Task data below:

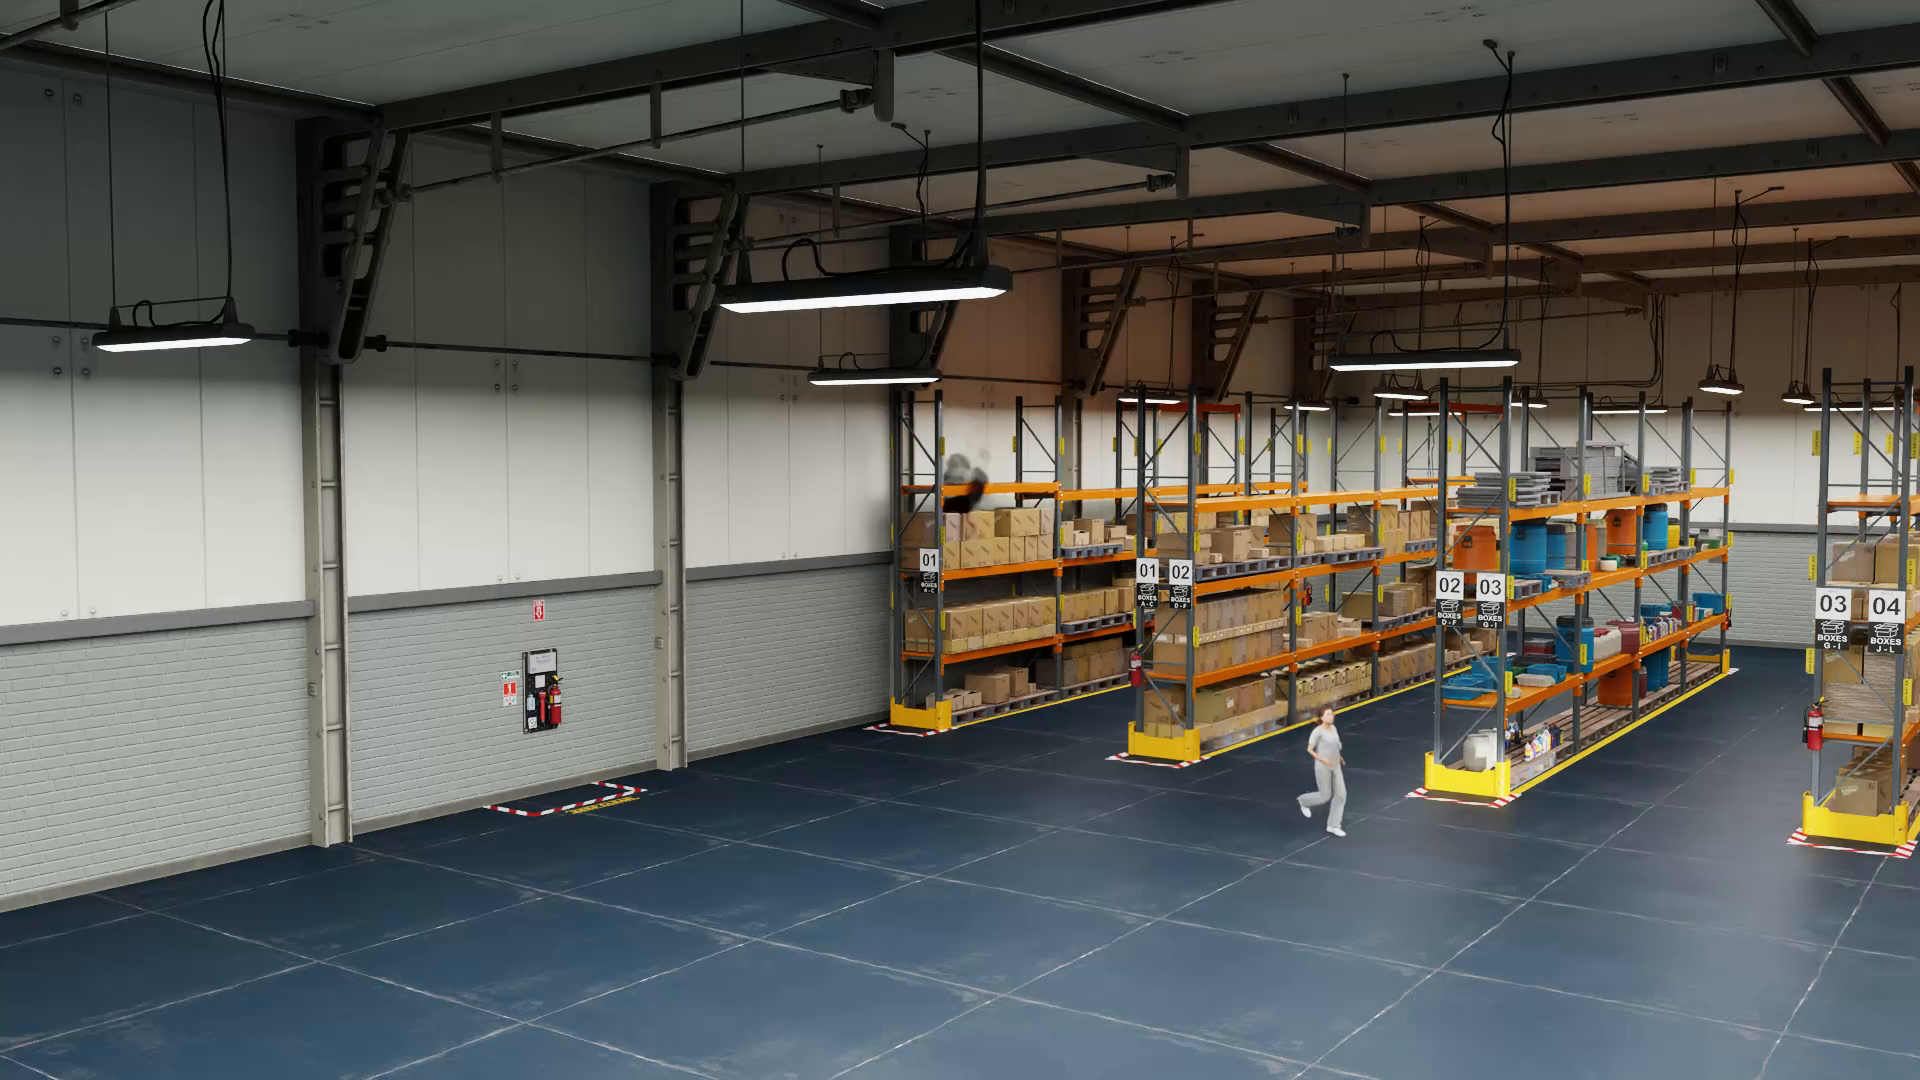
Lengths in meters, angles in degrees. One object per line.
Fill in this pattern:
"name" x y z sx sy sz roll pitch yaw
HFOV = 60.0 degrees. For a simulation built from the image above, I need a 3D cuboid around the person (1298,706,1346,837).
"person" 4.752 2.976 21.644 0.576 1.652 0.809 -2 4 -31
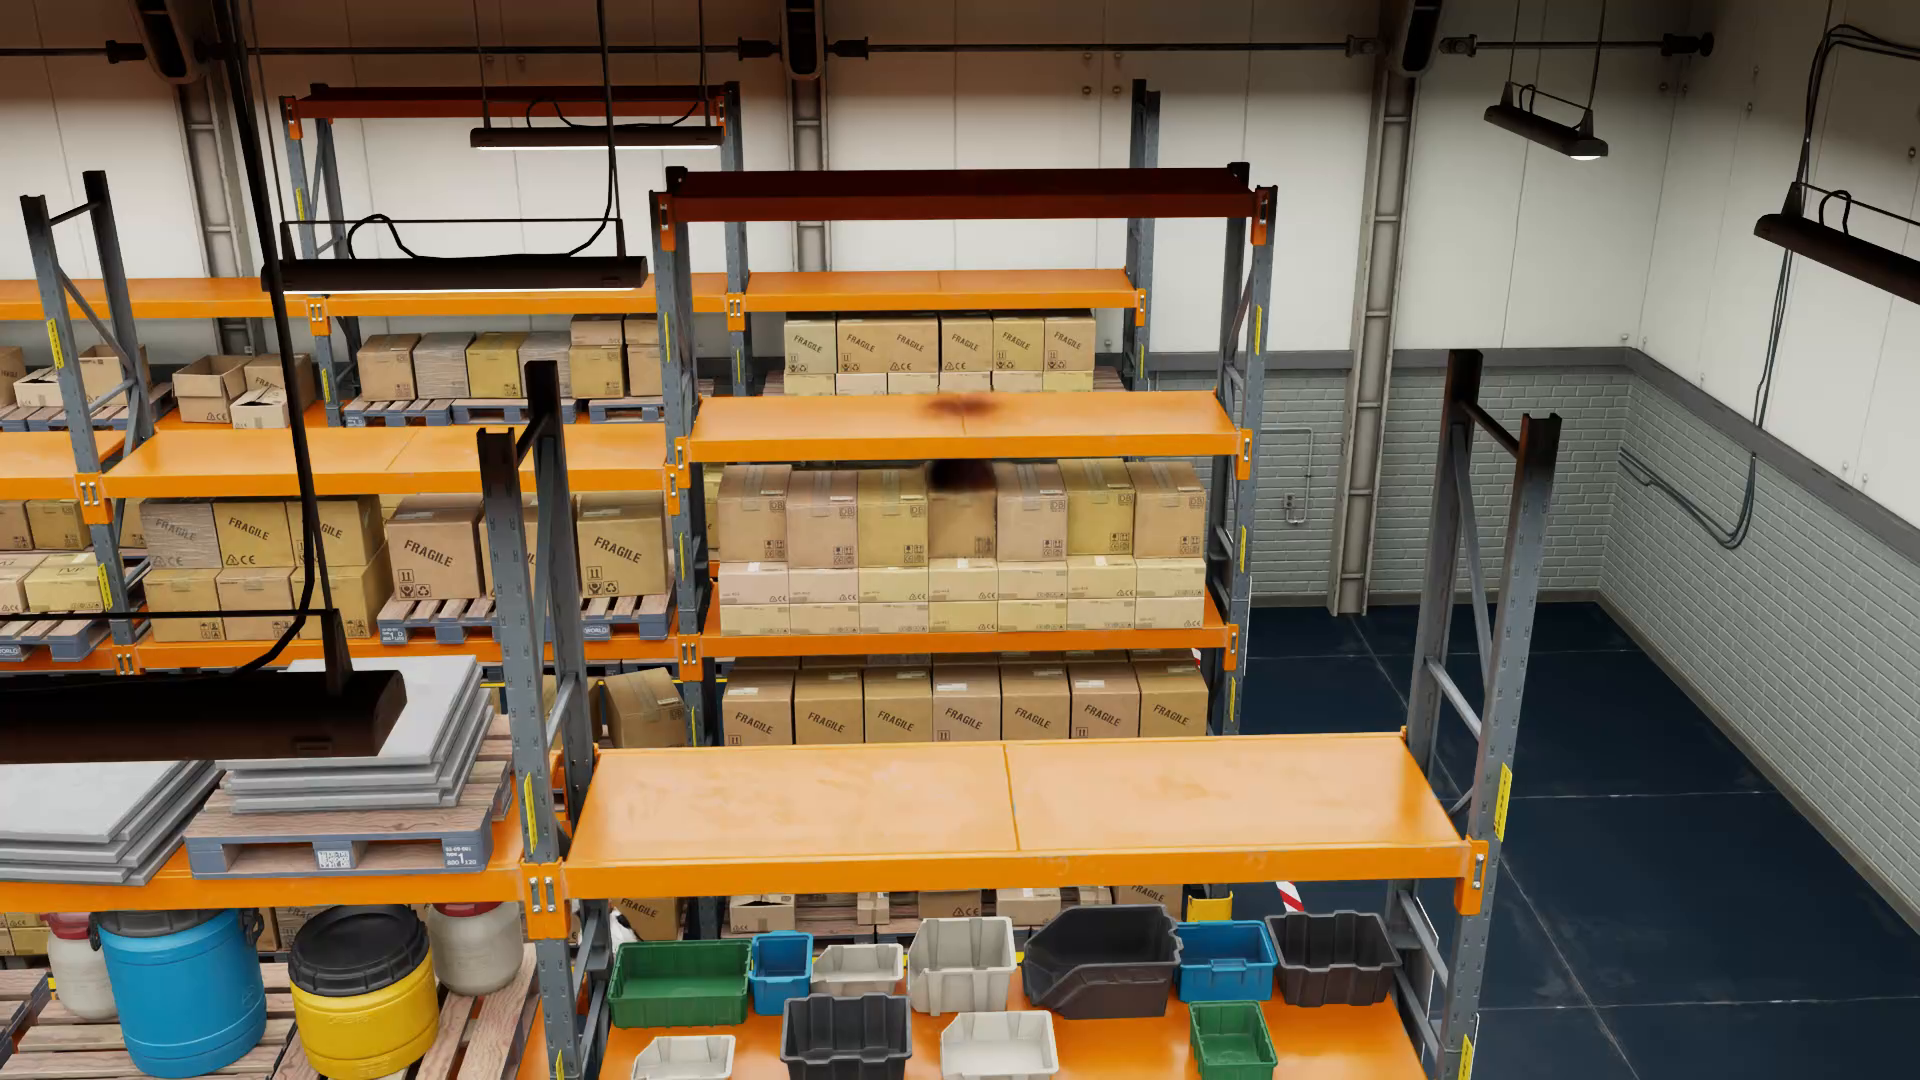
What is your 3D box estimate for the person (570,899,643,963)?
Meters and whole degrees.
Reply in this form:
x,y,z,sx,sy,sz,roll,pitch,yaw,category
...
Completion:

End of Task data.

> _Problem requirements_:
Only lines that include "pitch" belong in the answer; return them from the entries above.

> _Answer to this exercise_:
"name" x y z sx sy sz roll pitch yaw
x,y,z,sx,sy,sz,roll,pitch,yaw,category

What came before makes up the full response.